Bitcoin, the largest cryptocurrency, has shown some vital signs of life after the $ 20,000 integration phase. However, the efforts were not sufficient due to the intensified liquidation surrounding the crypto market. On-chain data shows that Bitcoin’s funding rate has sunk to a seriously negative value. This can cause potential short squeeze and therefore can affect the price of BTC.
Bitcoin’s funding rate continued to show a tough scenario as the metric fell into a serious negative value. This could incorporate or even pave the way for short squeeze on the market.
Financing rate measures the regular fees that long and short traders of Bitcoin futures exchange with each other. At the moment, there are more shorts on the market, Ergo, the overall sentiment is bearish. Obviously, futures traders are stacking shorts on the market.
Can this help BTC escape the $ 20,000 trap? As CryptoQuant analysts have pointed out, BTC may see a slight increase in the short term due to current funding rates.
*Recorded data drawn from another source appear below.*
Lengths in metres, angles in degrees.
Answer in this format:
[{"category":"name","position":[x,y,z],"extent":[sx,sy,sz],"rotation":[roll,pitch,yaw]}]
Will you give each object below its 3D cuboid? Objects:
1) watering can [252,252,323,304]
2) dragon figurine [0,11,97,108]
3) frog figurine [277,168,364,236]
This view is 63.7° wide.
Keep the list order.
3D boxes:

A similar pattern can be seen in the figure above the chart when funding rates have reached surprisingly low levels. There, prices rose sharply, short squeeze occurred, and price volatility was further amplified.
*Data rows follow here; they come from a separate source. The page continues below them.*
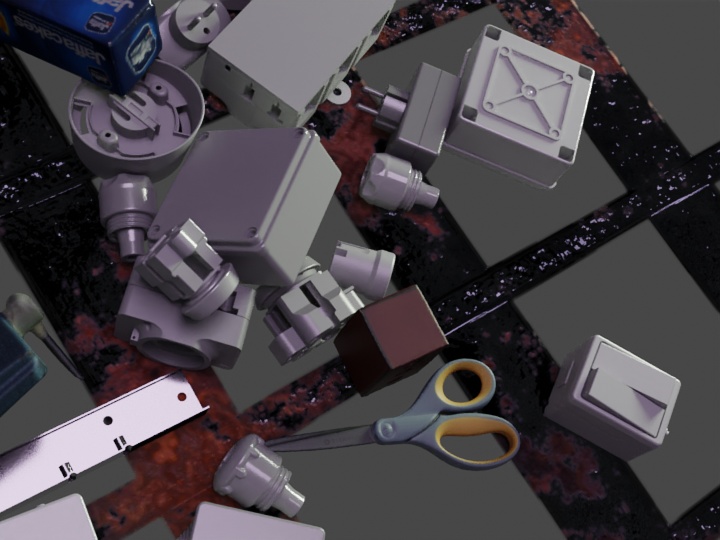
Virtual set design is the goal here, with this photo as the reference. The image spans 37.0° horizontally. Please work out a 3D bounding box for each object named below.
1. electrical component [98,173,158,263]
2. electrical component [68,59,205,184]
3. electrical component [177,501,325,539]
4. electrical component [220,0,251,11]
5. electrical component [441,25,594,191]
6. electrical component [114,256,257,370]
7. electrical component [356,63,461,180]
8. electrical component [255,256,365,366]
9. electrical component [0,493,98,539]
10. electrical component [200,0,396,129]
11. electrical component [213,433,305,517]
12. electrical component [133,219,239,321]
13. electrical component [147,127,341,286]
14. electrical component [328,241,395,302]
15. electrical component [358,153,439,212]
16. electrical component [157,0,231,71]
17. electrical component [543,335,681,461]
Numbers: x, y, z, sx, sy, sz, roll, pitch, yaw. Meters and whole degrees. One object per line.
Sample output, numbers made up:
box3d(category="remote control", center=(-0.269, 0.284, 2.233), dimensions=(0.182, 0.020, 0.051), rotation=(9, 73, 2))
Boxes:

Short squeeze occurs when a large number of short traders are cleared due to sudden price fluctuations.
Especially in the last 24 hours 24,160 Traders are liquidated and the total liquidation amount is $ 79.26 million. The crypto market on July 2 recorded a liquidation of over $ 250 million as an increase in losses across other cryptocurrencies. Statistics at the time of the press were about $ 79.55 million.
Needless to say, Kingcoin led the charge, according to Coinglass data. Comparing the above two trends, price fluctuations can cause pressure and provide some relief.
What do you expect?
BTC’s pricing behavior has been squeezed to $ 18- $ 21k in the last two weeks. June saw red lights in both markets–30% spots, while derivatives were -11%.
Today, the entire financial markets are eagerly awaiting the Fed’s reaction to inflationary pressures. In any case, one thing is clear-whether it’s small or large, BTC holders will continue to support the largest cryptocurrencies.
At the time of pressingDress holding <1 BTC Was adding To their balance in 2022 at an amazing pace. Interestingly, since January they (small holders) have added 113,884 BTC.